Please copy out the full listing that follows exactly; no picture belongs in the copy.

**Data for review:**
------------------------------

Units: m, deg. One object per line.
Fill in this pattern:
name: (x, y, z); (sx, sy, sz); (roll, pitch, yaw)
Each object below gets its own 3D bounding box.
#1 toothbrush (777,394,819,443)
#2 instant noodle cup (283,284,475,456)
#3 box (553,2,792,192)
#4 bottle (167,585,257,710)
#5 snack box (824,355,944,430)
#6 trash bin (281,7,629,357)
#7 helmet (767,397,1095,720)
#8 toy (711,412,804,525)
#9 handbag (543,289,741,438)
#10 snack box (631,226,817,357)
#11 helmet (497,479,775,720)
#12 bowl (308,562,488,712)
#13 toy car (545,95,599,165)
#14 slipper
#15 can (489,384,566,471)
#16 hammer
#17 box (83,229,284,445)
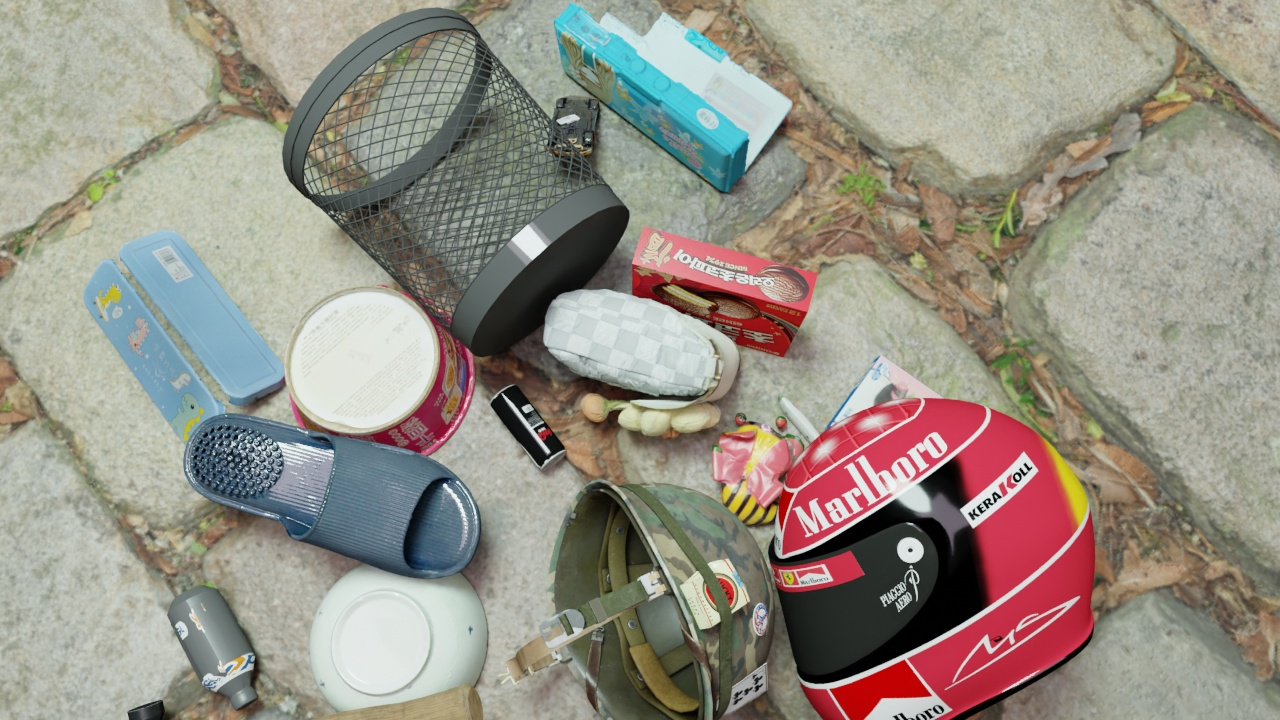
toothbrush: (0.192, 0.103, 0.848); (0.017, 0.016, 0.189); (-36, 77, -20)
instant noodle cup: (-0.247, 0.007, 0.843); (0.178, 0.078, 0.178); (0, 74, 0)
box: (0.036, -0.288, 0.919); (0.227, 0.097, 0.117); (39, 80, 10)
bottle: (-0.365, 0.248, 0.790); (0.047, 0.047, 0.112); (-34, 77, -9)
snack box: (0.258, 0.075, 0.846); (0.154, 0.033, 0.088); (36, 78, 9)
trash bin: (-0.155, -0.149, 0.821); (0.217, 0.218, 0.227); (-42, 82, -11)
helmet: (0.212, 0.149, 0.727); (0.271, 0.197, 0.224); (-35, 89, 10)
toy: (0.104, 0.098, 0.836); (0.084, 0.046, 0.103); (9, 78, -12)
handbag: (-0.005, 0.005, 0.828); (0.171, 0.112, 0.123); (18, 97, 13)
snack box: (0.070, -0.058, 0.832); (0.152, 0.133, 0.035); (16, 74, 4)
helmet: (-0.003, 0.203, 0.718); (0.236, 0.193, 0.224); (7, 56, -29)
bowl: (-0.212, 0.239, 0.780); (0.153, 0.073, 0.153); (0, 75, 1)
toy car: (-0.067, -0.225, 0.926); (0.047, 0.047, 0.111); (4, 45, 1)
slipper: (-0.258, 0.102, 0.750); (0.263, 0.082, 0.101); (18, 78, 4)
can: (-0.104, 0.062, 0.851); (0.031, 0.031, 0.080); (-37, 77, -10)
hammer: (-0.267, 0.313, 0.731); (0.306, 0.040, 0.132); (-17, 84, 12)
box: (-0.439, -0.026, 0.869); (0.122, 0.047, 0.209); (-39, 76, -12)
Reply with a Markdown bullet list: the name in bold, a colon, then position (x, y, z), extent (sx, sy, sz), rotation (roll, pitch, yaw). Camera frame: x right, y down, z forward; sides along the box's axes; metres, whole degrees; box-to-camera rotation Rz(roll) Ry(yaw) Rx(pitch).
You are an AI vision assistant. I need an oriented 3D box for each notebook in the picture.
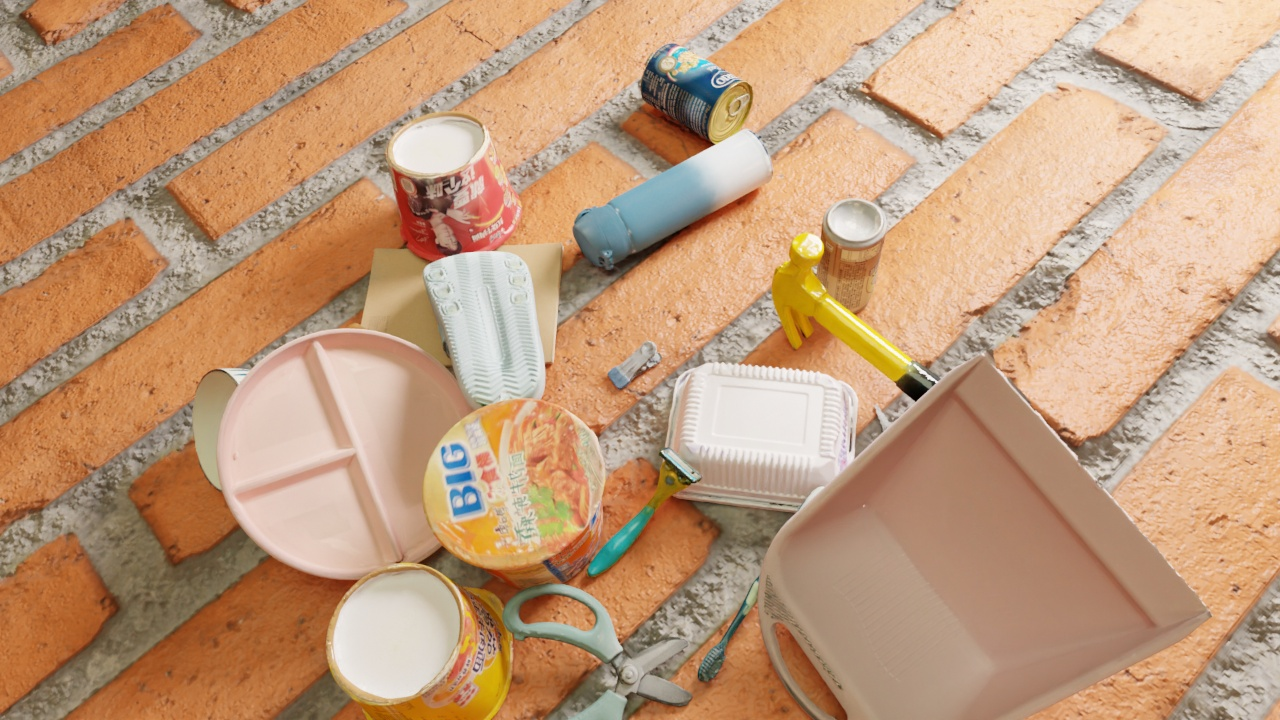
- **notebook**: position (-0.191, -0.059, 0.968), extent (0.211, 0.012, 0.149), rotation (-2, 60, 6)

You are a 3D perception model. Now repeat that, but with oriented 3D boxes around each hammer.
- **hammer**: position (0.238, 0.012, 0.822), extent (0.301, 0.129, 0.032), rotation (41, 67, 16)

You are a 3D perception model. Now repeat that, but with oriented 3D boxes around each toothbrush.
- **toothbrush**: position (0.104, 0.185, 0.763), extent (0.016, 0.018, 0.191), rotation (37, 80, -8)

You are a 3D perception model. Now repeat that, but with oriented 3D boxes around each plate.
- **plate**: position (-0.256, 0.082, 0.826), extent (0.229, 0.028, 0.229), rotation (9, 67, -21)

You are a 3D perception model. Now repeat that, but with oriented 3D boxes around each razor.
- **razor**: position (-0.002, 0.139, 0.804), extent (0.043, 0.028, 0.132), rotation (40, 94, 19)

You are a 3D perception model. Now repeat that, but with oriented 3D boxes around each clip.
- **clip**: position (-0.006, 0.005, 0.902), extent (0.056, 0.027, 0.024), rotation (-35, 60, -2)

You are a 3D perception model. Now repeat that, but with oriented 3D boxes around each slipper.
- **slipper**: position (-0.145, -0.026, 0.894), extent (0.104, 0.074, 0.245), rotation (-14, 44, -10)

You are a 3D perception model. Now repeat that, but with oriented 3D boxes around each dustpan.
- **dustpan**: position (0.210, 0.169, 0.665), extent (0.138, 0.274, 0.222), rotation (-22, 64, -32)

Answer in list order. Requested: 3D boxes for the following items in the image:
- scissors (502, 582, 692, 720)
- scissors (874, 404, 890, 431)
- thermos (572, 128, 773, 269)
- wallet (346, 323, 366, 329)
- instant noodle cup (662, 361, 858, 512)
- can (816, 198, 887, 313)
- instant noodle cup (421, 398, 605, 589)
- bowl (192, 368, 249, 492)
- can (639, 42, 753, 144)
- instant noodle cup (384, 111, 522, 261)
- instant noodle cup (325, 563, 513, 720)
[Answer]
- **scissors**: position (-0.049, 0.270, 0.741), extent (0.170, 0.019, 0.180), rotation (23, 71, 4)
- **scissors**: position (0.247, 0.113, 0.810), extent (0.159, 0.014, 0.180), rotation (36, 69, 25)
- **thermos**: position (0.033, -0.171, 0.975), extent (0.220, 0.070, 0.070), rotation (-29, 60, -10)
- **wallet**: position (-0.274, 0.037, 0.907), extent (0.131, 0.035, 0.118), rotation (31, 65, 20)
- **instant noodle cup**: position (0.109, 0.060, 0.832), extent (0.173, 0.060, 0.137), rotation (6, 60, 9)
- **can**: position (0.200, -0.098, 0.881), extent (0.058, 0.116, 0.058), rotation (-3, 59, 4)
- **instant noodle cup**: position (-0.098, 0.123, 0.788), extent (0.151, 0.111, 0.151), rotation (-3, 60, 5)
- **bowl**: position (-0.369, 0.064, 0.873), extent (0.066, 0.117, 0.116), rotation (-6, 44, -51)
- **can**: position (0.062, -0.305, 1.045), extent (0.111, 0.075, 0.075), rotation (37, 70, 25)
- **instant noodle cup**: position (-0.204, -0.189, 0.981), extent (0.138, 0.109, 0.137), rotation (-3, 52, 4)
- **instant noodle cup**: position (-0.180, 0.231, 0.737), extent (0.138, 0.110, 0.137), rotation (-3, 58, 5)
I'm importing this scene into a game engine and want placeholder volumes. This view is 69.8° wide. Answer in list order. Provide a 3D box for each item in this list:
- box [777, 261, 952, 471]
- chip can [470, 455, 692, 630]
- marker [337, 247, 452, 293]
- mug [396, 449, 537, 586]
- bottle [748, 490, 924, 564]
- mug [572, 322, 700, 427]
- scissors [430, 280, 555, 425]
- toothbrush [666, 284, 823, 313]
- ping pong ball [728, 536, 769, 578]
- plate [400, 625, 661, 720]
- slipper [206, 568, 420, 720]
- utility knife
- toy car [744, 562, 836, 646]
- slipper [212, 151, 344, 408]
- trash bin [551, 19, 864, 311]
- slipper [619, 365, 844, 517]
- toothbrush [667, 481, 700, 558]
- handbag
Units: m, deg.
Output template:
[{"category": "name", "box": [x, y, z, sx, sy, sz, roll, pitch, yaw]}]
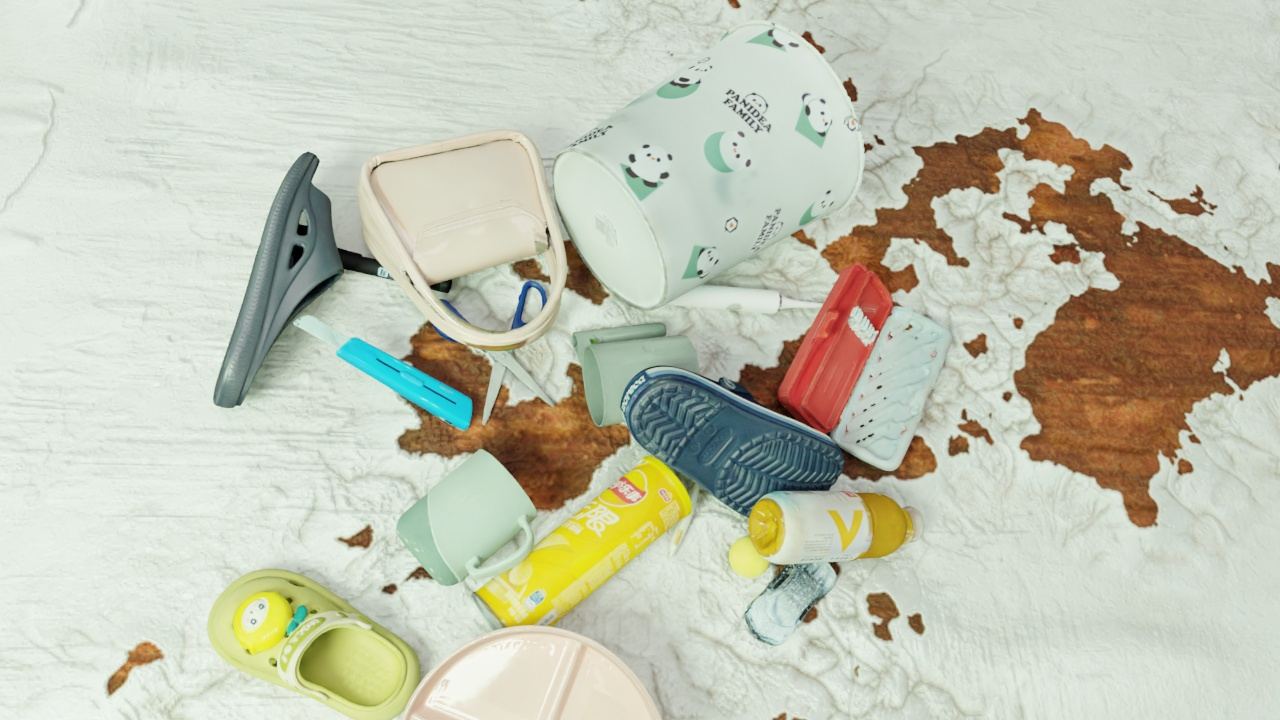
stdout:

------------------------------

**Solution:**
Units: m, deg. One object per line.
Fill in this pattern:
name: (x, y, z); (sx, sy, sz); (roll, pitch, yaw)
Each object below gets its own 3D bounding box.
#1 toothbrush (777,394,819,443)
#2 instant noodle cup (283,284,475,456)
#3 box (553,2,792,192)
#4 bottle (167,585,257,710)
#5 snack box (824,355,944,430)
#6 trash bin (281,7,629,357)
#7 helmet (767,397,1095,720)
#8 toy (711,412,804,525)
#9 handbag (543,289,741,438)
#10 snack box (631,226,817,357)
#11 helmet (497,479,775,720)
#12 bowl (308,562,488,712)
#13 toy car (545,95,599,165)
#14 slipper
#15 can (489,384,566,471)
#16 hammer
#17 box (83,229,284,445)
toothbrush: (0.192, 0.103, 0.848); (0.017, 0.016, 0.189); (-36, 77, -20)
instant noodle cup: (-0.247, 0.007, 0.843); (0.178, 0.078, 0.178); (0, 74, 0)
box: (0.036, -0.288, 0.919); (0.227, 0.097, 0.117); (39, 80, 10)
bottle: (-0.365, 0.248, 0.790); (0.047, 0.047, 0.112); (-34, 77, -9)
snack box: (0.258, 0.075, 0.846); (0.154, 0.033, 0.088); (36, 78, 9)
trash bin: (-0.155, -0.149, 0.821); (0.217, 0.218, 0.227); (-42, 82, -11)
helmet: (0.212, 0.149, 0.727); (0.271, 0.197, 0.224); (-35, 89, 10)
toy: (0.104, 0.098, 0.836); (0.084, 0.046, 0.103); (9, 78, -12)
handbag: (-0.005, 0.005, 0.828); (0.171, 0.112, 0.123); (18, 97, 13)
snack box: (0.070, -0.058, 0.832); (0.152, 0.133, 0.035); (16, 74, 4)
helmet: (-0.003, 0.203, 0.718); (0.236, 0.193, 0.224); (7, 56, -29)
bowl: (-0.212, 0.239, 0.780); (0.153, 0.073, 0.153); (0, 75, 1)
toy car: (-0.067, -0.225, 0.926); (0.047, 0.047, 0.111); (4, 45, 1)
slipper: (-0.258, 0.102, 0.750); (0.263, 0.082, 0.101); (18, 78, 4)
can: (-0.104, 0.062, 0.851); (0.031, 0.031, 0.080); (-37, 77, -10)
hammer: (-0.267, 0.313, 0.731); (0.306, 0.040, 0.132); (-17, 84, 12)
box: (-0.439, -0.026, 0.869); (0.122, 0.047, 0.209); (-39, 76, -12)
Reply with a Markdown bullet list: the name in bold, a colon, then position (x, y, z), extent (sx, sy, sz), rotation (roll, pitch, yaw). Camera frame: x right, y down, z forward; sides along the box's axes; metres, whole degrees; box-to-camera rotation Rz(roll) Ry(yaw) Rx(pitch).
You are an AI vision assistant. I need an oriented 3D box for each notebook in the picture.
- **notebook**: position (-0.191, -0.059, 0.968), extent (0.211, 0.012, 0.149), rotation (-2, 60, 6)

You are a 3D perception model. Now repeat that, but with oriented 3D boxes around each hammer.
- **hammer**: position (0.238, 0.012, 0.822), extent (0.301, 0.129, 0.032), rotation (41, 67, 16)

You are a 3D perception model. Now repeat that, but with oriented 3D boxes around each toothbrush.
- **toothbrush**: position (0.104, 0.185, 0.763), extent (0.016, 0.018, 0.191), rotation (37, 80, -8)

You are a 3D perception model. Now repeat that, but with oriented 3D boxes around each plate.
- **plate**: position (-0.256, 0.082, 0.826), extent (0.229, 0.028, 0.229), rotation (9, 67, -21)

You are a 3D perception model. Now repeat that, but with oriented 3D boxes around each razor.
- **razor**: position (-0.002, 0.139, 0.804), extent (0.043, 0.028, 0.132), rotation (40, 94, 19)

You are a 3D perception model. Now repeat that, but with oriented 3D boxes around each clip.
- **clip**: position (-0.006, 0.005, 0.902), extent (0.056, 0.027, 0.024), rotation (-35, 60, -2)

You are a 3D perception model. Now repeat that, but with oriented 3D boxes around each slipper.
- **slipper**: position (-0.145, -0.026, 0.894), extent (0.104, 0.074, 0.245), rotation (-14, 44, -10)

You are a 3D perception model. Now repeat that, but with oriented 3D boxes around each dustpan.
- **dustpan**: position (0.210, 0.169, 0.665), extent (0.138, 0.274, 0.222), rotation (-22, 64, -32)

Answer in list order. Requested: 3D boxes for the following items in the image:
- scissors (502, 582, 692, 720)
- scissors (874, 404, 890, 431)
- thermos (572, 128, 773, 269)
- wallet (346, 323, 366, 329)
- instant noodle cup (662, 361, 858, 512)
- can (816, 198, 887, 313)
- instant noodle cup (421, 398, 605, 589)
- bowl (192, 368, 249, 492)
- can (639, 42, 753, 144)
- instant noodle cup (384, 111, 522, 261)
- instant noodle cup (325, 563, 513, 720)
[Answer]
- **scissors**: position (-0.049, 0.270, 0.741), extent (0.170, 0.019, 0.180), rotation (23, 71, 4)
- **scissors**: position (0.247, 0.113, 0.810), extent (0.159, 0.014, 0.180), rotation (36, 69, 25)
- **thermos**: position (0.033, -0.171, 0.975), extent (0.220, 0.070, 0.070), rotation (-29, 60, -10)
- **wallet**: position (-0.274, 0.037, 0.907), extent (0.131, 0.035, 0.118), rotation (31, 65, 20)
- **instant noodle cup**: position (0.109, 0.060, 0.832), extent (0.173, 0.060, 0.137), rotation (6, 60, 9)
- **can**: position (0.200, -0.098, 0.881), extent (0.058, 0.116, 0.058), rotation (-3, 59, 4)
- **instant noodle cup**: position (-0.098, 0.123, 0.788), extent (0.151, 0.111, 0.151), rotation (-3, 60, 5)
- **bowl**: position (-0.369, 0.064, 0.873), extent (0.066, 0.117, 0.116), rotation (-6, 44, -51)
- **can**: position (0.062, -0.305, 1.045), extent (0.111, 0.075, 0.075), rotation (37, 70, 25)
- **instant noodle cup**: position (-0.204, -0.189, 0.981), extent (0.138, 0.109, 0.137), rotation (-3, 52, 4)
- **instant noodle cup**: position (-0.180, 0.231, 0.737), extent (0.138, 0.110, 0.137), rotation (-3, 58, 5)
I'm importing this scene into a game engine and want placeholder volumes. This view is 69.8° wide. Answer in list order. Provide a 3D box for each item in this list:
- box [777, 261, 952, 471]
- chip can [470, 455, 692, 630]
- marker [337, 247, 452, 293]
- mug [396, 449, 537, 586]
- bottle [748, 490, 924, 564]
- mug [572, 322, 700, 427]
- scissors [430, 280, 555, 425]
- toothbrush [666, 284, 823, 313]
- ping pong ball [728, 536, 769, 578]
- plate [400, 625, 661, 720]
- slipper [206, 568, 420, 720]
- utility knife
- toy car [744, 562, 836, 646]
- slipper [212, 151, 344, 408]
- trash bin [551, 19, 864, 311]
- slipper [619, 365, 844, 517]
- toothbrush [667, 481, 700, 558]
- handbag
Units: m, deg.
Output template:
[{"category": "name", "box": [x, y, z, sx, sy, sz, roll, pitch, yaw]}]
stdout:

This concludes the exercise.